The results are astonishing: adolescent people with type 2 diabetes (compared to type 1 diabetics of the same age) are 88 times more likely to develop retinopathy (abnormal blood vessels and/or hemorrhages in the retina). In addition, the risk of this retinopathy becoming “proliferative,” and therefore sight-threatening, increases 230-fold. There is also a 49-fold enhance in the risk of fluid accumulating in the retina (macular edema) and a 243-fold enhance in the risk of developing mature cataracts at a adolescent age. The latter requires surgery, which is riskier in adolescent people than for age-related cataracts.
What should we remember from this? That the major problems, which often require surgical intervention to save vision, appear much sooner in adolescent type 2 diabetics than in those afflicted with type 1 diabetes. Therefore, these patients need to be monitored more closely. Indeed, almost one in two type 2 diabetics will develop some form of retinopathy within one to eight years of diagnosis. By comparison, one in three type 1 diabetics will develop retinopathy within six to 10 years of diagnosis.
Crucial repercussions
The incidence (number of cases) of type 2 diabetes in adolescent people is expected to have increased significantly over the past 10 years. quadrupled by 2050. This forecast is most alarming for health care providers, but also for policymakers and managers of public health agencies. The lifetime direct medical care costs for a single patient with diabetes aged 25–44 years amounted to $125,000 in 2013. These costs have since risen, and many more dollars must be added to cover the 15 to 25 years that are not taken into account. Indeed, if 20 percent of the youth population develops diabetes by 2050, our governments will have to spend millions (perhaps billions?) of health care dollars to treat them.
The long-term quality of life of people with diabetes also declines. Another studythis time adolescent people with type 1 diabetes, shows that their disease has a negative impact on their lives. They have to spend a lot of time caring for them (lack of activity with friends). And the burden of the disease on their loved ones weighs on their shoulders. The fear of hypoglycemia (a lack of sugar that can lead to coma) or the development of sedate complications of the disease also affects them. Achieving autonomy is more complex for these teenagers, and their quality of life is proportional to the freedom they can or cannot exercise.
Eat fit, exercise and see your eye doctor
Type 1 diabetes is complex to prevent, mainly because we do not know all the causes of its occurrence and we cannot actively detect it. The situation is different for type 2 diabetes, which is strongly associated with an unhealthy lifestyle in adolescent people. A fit diet, regular exercise and combating a sedentary lifestyle, including limiting screen time (to less than two hours per day), are good ways to avoid or delay the onset of diabetes in adolescent people. Screen time is also associated with insulin resistance AND obesity in adolescent people. In other words, a fit lifestyle must be promoted and especially shared within the family.
When it comes to your eyes, regular visits to an optometrist or ophthalmologist can aid detect early signs of diabetic complications (symptoms are apparent in 30% of patients shortly after diagnosis).
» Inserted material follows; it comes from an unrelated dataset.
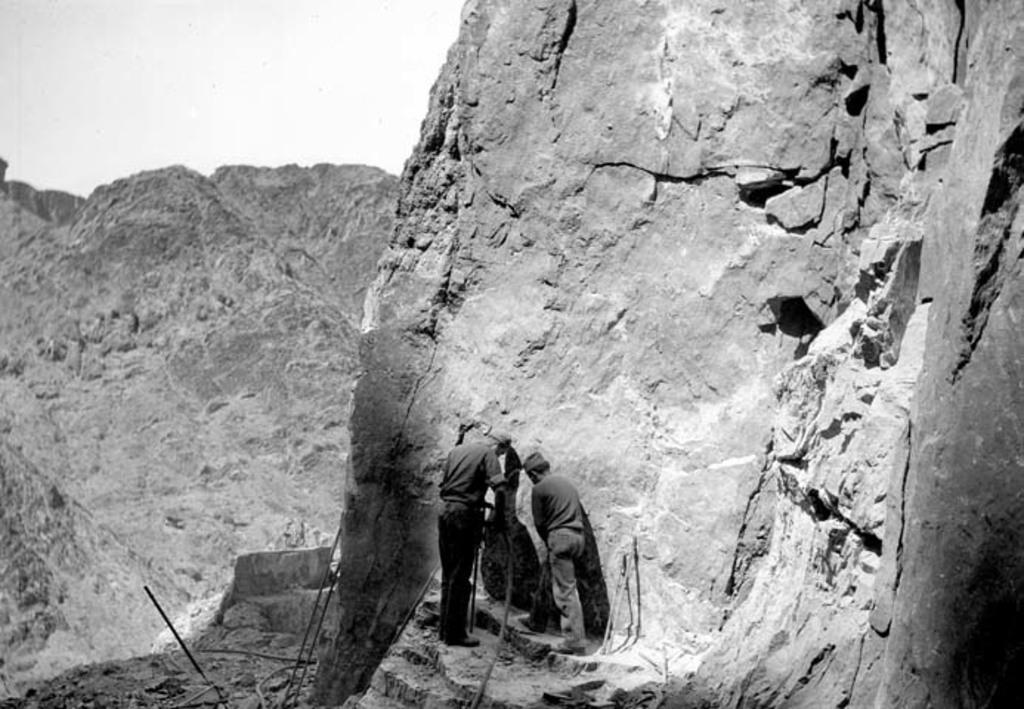How many people are present in the image? There are two persons standing in the image. What can be seen in the background of the image? There are rocks in the background of the image. What is the color scheme of the image? The image is in black and white. Who is the owner of the yard in the image? There is no indication of a yard or an owner in the image. 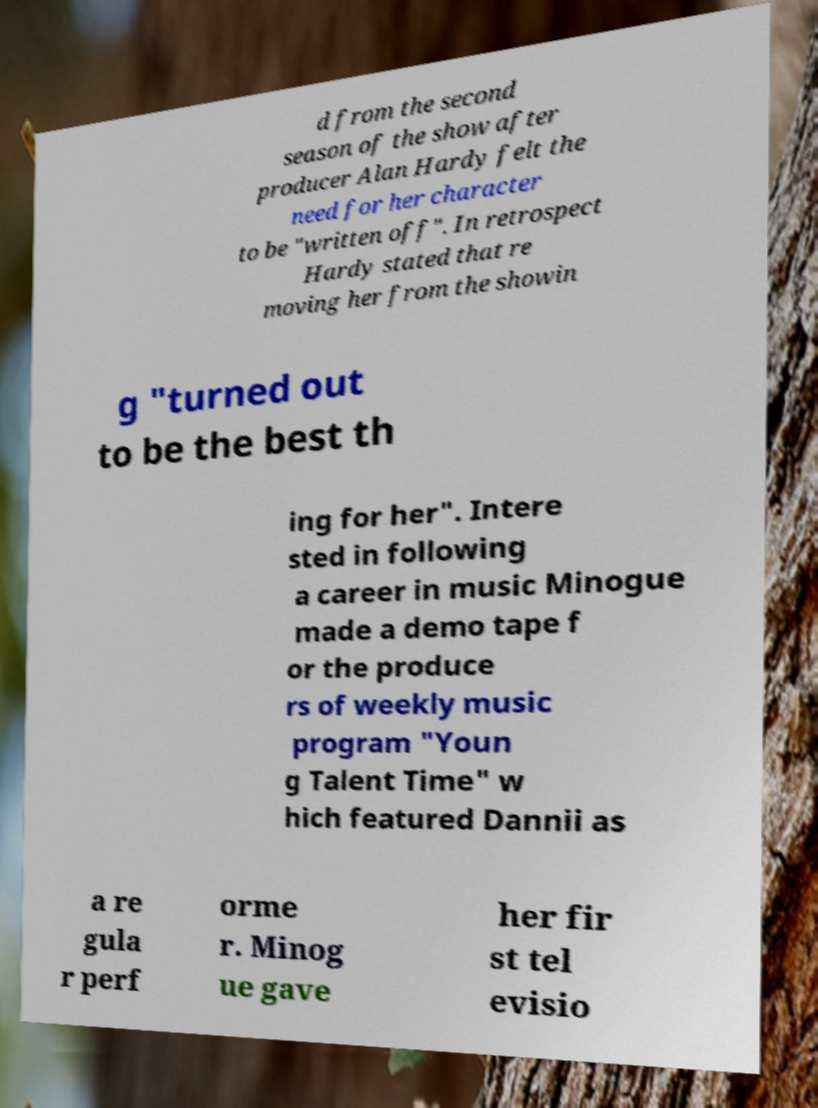For documentation purposes, I need the text within this image transcribed. Could you provide that? d from the second season of the show after producer Alan Hardy felt the need for her character to be "written off". In retrospect Hardy stated that re moving her from the showin g "turned out to be the best th ing for her". Intere sted in following a career in music Minogue made a demo tape f or the produce rs of weekly music program "Youn g Talent Time" w hich featured Dannii as a re gula r perf orme r. Minog ue gave her fir st tel evisio 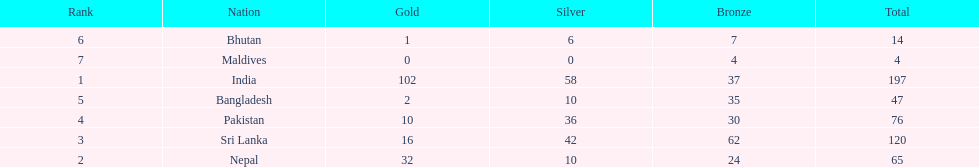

These health professionals can also detect other eye and vision problems resulting from the disease, such as: loss of ability to focus close up (accommodation), partial paralysis of some eye muscles causing double vision, delayed healing of corneal surface lesions, dry eye or glaucoma. Tests need to be carried out at the time of diagnosis of diabetesor in people at high risk (heredity, obesity, sedentary lifestyle).
Since fit habits are an integral part of treating the disease, it is not too tardy for Karl to enjoy a happier future. However, it is significant not to neglect regular check-ups with your doctor and repeated visits to your family optometrist.